To gauge the scale of this impact we have examined 2 past expansions in Qatar’s LNG production and estimated their impact on the non-hydrocarbon economy.

Firstly, we examined the investments for Qatar’s RasGas trains 1 & 2 in 2000-05 and found that for every dollar invested, the non-hydrocarbon economy expanded by 1.8x that amount. The large impact is likely exaggerated because the non-hydrocarbon economy was significantly smaller at that time so the large hydrocarbon investments had a bigger impact. Non-hydrocarbon GDP averaged less than $7bn in 2000-05 compared with over $100bn currently.

Secondly, we looked at the investments for RasGas 3 and QatarGas trains 2, 3 and 4 during 2005-11. Here we found that for every dollar invested, the non-hydrocarbon economy expanded by 0.4x that amount.
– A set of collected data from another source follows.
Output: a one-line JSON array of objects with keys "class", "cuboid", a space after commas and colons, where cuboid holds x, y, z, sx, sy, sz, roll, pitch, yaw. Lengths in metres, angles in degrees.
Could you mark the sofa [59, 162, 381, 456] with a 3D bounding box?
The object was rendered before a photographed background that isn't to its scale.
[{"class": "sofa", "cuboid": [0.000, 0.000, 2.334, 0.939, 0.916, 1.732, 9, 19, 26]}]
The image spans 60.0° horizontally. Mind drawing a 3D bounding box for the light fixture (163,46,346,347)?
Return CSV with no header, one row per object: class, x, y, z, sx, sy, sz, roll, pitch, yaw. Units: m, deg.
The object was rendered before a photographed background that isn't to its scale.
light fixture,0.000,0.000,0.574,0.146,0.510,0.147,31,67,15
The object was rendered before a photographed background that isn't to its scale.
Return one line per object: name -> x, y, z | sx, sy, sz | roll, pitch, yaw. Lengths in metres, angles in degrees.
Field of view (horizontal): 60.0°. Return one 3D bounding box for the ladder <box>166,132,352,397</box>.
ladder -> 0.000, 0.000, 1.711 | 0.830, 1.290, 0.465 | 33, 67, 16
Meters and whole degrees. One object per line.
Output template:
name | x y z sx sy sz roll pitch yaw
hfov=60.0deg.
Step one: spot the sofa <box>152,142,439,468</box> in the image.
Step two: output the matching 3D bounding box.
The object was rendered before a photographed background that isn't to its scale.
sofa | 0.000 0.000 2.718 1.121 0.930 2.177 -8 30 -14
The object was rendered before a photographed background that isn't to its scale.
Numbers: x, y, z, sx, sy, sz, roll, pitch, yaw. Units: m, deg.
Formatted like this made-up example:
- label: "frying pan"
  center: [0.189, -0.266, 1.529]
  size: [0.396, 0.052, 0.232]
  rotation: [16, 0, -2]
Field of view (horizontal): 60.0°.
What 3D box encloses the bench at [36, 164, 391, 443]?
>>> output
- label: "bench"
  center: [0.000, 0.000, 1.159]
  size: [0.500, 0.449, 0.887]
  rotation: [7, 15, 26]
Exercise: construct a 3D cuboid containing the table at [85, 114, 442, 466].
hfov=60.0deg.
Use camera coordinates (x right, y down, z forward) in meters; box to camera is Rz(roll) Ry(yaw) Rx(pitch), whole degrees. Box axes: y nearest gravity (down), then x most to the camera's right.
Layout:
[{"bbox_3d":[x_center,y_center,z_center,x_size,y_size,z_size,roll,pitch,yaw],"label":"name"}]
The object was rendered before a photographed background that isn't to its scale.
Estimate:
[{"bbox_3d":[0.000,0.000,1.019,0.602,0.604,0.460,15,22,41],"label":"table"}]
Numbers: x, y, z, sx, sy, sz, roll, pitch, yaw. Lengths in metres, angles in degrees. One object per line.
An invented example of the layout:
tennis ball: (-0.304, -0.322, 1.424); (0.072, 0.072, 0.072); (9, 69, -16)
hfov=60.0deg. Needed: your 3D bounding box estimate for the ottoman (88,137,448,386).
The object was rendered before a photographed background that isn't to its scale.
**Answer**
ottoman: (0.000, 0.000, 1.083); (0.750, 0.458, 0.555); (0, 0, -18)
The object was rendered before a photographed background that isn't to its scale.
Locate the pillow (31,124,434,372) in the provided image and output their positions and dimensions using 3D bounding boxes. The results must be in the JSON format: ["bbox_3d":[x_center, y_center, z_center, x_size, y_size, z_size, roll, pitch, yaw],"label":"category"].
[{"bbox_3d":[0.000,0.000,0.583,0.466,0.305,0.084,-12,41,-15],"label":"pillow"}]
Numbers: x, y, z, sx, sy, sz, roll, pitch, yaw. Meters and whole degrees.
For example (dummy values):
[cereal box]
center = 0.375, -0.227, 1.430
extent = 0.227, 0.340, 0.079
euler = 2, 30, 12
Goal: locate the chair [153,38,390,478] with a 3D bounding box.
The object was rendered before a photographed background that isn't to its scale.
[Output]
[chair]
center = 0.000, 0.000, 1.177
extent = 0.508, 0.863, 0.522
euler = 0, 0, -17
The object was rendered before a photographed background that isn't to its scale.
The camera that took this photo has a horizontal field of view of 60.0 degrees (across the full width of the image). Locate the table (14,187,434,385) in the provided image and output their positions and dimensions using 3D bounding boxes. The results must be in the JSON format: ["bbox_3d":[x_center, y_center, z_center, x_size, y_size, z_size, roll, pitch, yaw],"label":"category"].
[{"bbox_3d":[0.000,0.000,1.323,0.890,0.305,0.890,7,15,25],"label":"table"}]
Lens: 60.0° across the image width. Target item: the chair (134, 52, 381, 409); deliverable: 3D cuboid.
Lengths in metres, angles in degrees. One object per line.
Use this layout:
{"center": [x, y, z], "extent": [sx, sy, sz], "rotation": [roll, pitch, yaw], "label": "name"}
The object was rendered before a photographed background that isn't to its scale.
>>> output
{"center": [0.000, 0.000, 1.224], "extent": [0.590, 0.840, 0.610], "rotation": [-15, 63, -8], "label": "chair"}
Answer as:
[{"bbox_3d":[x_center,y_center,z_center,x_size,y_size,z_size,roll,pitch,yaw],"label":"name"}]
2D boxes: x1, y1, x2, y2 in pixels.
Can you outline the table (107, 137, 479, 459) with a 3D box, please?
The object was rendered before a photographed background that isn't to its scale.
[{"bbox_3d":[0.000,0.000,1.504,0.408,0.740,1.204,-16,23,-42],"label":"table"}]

Therefore, looking at the next LNG investment period from 2019-24 we scale down the multiplier to a relatively conservative 0.2x to take account of the larger non-hydrocarbon economy. The ramp up in investment is expected to be rapid so we have assumed a profile that concentrates the investment in 2021-23. This implies that the LNG investment should add between 1-2 percentage points to growth in the non-hydrocarbon sector during this peak investment period.

ii) Hydrocarbon production increase

The second impact on GDP growth will be from the actual increase in LNG production and related liquids. The time from initial production to capacity is expected to be relatively short, around 18 months. We assume some slippage with initial production in 2025 with capacity achieved in 2026. This would add around 13% per year to hydrocarbon GDP. In addition, new petrochemical facilities, such as what is expected to be the Middle East’s largest ethane cracker with a capacity of 1.6m tons per year, will also add to manufacturing GDP in 2025-27 (in the national accounts, manufacturing GDP is actually part of the non-hydrocarbon sector so this is where the ethane cracker is included in our forecasts). Higher revenue to the government and other companies would lead to stronger spending and consumption in the public and private sectors. However, given the risk of creating further excess capacity in the economy, the government is likely to be restrained in its investment, leading to higher surpluses on the fiscal and current account and larger transfers to the sovereign wealth fund.

Along with a boost from the Barzan Gas Project (2020-21) and the 2022 FIFA World Cup, the LNG expansion should provide a positive boost to Qatar’s GDP growth throughout the 2020s, with overall GDP growth just touching double digits around 2025/26. This should be sufficient to offset a steady slowdown in other parts of the economy as the government eases back from past heavy investment in infrastructure.

Real GDP growth in Qatar


Conclusion: the challenge will be to make this growth stick…

The challenge for the authorities will be to make this growth stick. The boost to aggregate demand will provide plentiful opportunities for the private sector and foreign investors if they are given the room to act. The government’s response to the blockade by regional neighbours has been to make itself more attractive to the international community. Steps to improve the business environment have been taken, most notably relaxing visa requirements and permitting foreign investors to own 100% of new companies (this law still requires sign off from the Emir and may be subject to restrictions in some sectors). The test will be how well these measures are implemented. If Qatar can seize the opportunities presented by a booming economy in the 2020s, it’s ephemeral 2030 vision of a knowledge-based economy may actually become one step closer to a concrete reality.